Information below:

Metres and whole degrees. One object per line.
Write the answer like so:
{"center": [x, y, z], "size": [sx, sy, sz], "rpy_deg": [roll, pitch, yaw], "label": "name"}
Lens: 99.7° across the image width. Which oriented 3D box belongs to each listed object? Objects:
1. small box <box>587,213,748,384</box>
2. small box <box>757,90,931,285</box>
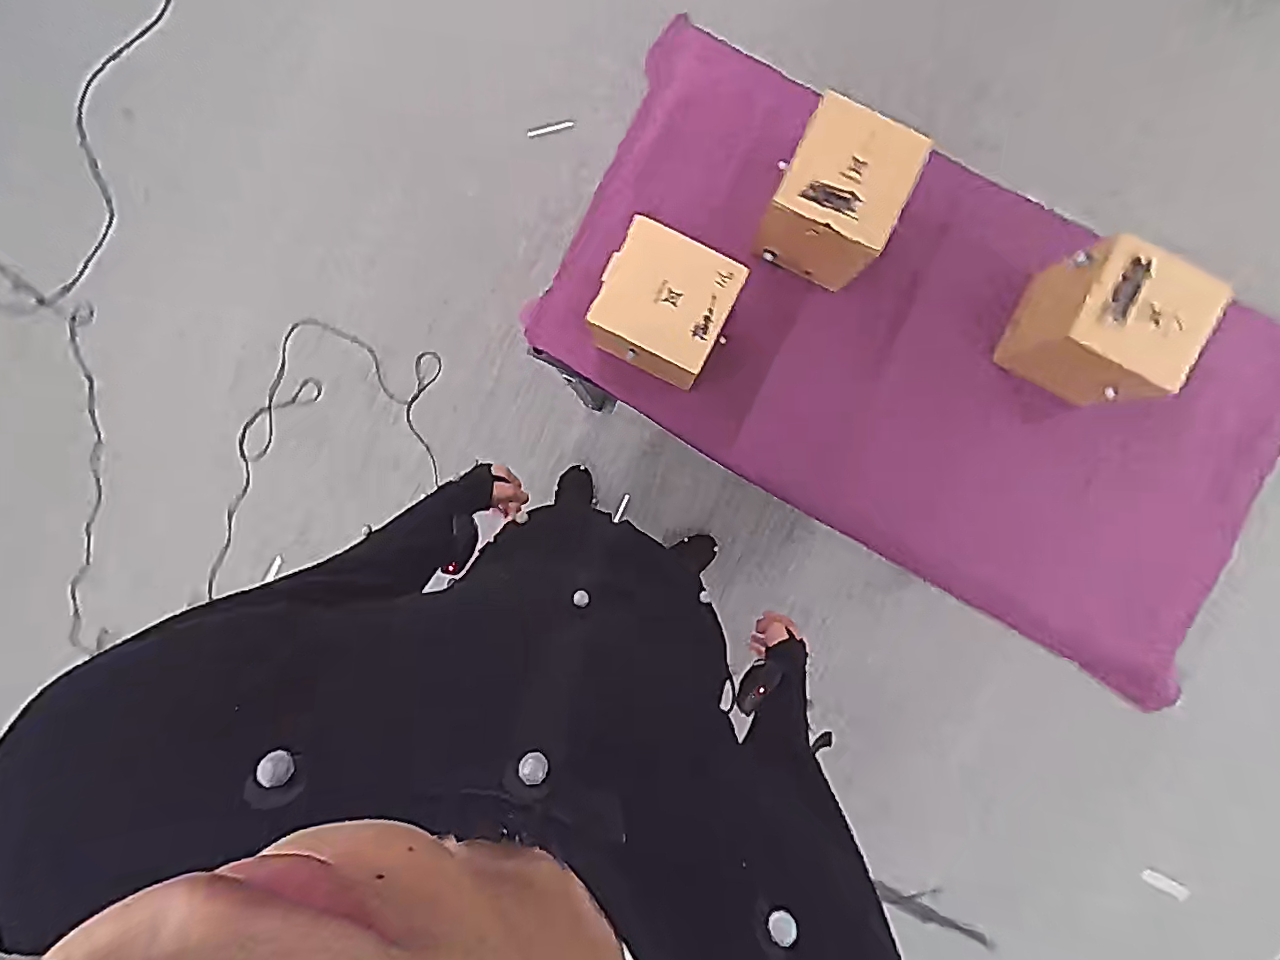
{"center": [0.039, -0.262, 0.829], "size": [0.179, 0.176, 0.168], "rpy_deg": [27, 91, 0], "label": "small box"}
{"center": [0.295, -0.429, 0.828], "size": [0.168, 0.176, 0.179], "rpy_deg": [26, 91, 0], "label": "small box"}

End of Information.
Information below:

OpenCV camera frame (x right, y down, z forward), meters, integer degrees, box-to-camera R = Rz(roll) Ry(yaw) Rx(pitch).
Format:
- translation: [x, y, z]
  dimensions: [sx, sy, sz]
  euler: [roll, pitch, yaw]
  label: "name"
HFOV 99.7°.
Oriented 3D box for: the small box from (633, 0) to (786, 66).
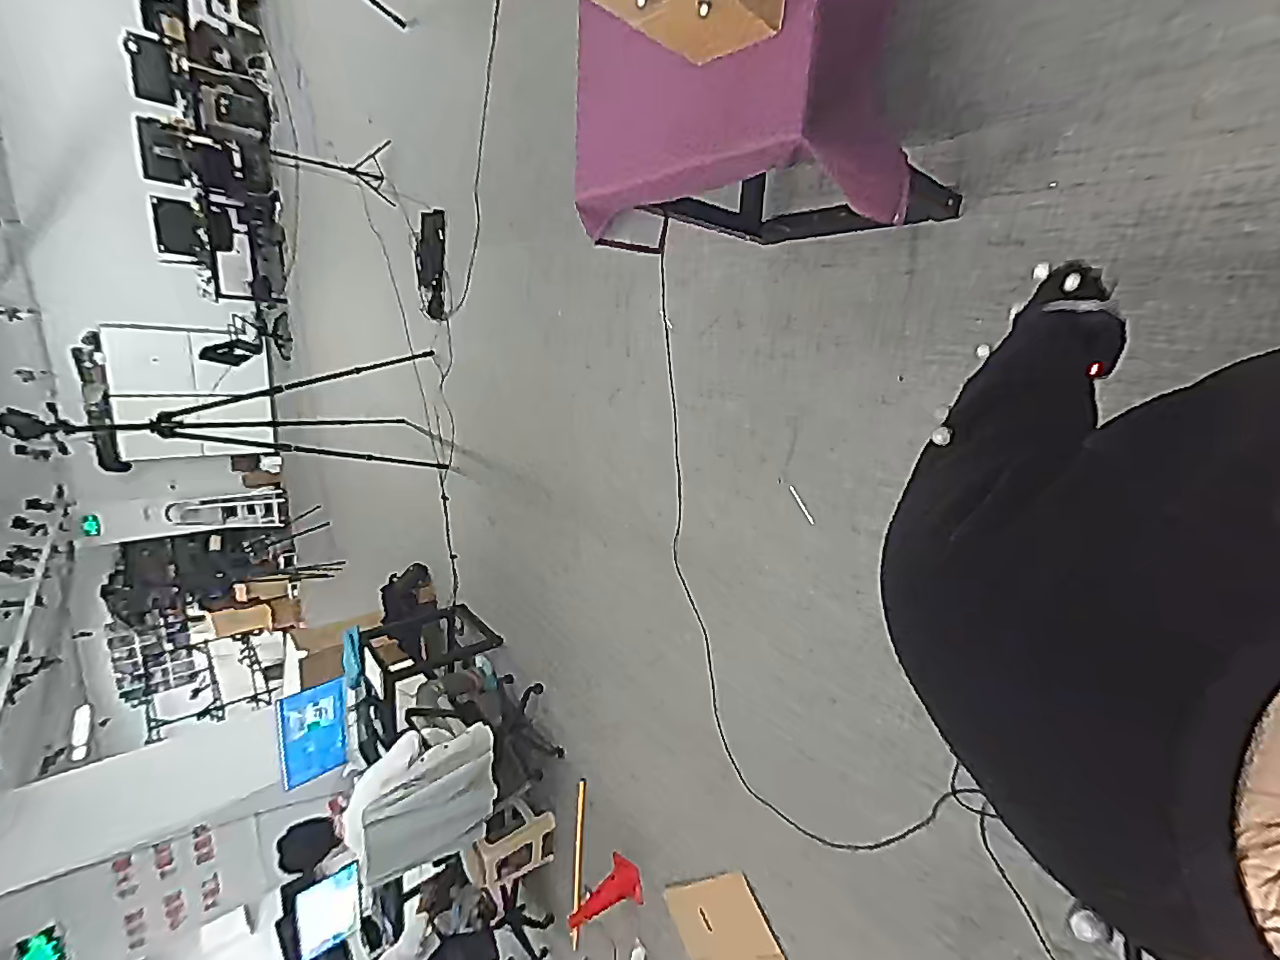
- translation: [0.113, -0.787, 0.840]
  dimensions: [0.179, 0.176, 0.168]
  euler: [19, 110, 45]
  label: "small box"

End of Information.

▶ [Work required] Copy back the listing above exactly, but only from the line with "Metres and whole" through the line with "Lens: 99.7° across", both ends included.

▶ [Task response]
Metres and whole degrees. One object per line.
Write the answer like so:
{"center": [x, y, z], "size": [sx, sy, sz], "rpy_deg": [roll, pitch, yaw], "label": "name"}
Lens: 99.7° across the image width. Which oriented 3D box belongs to each listed object? Objects:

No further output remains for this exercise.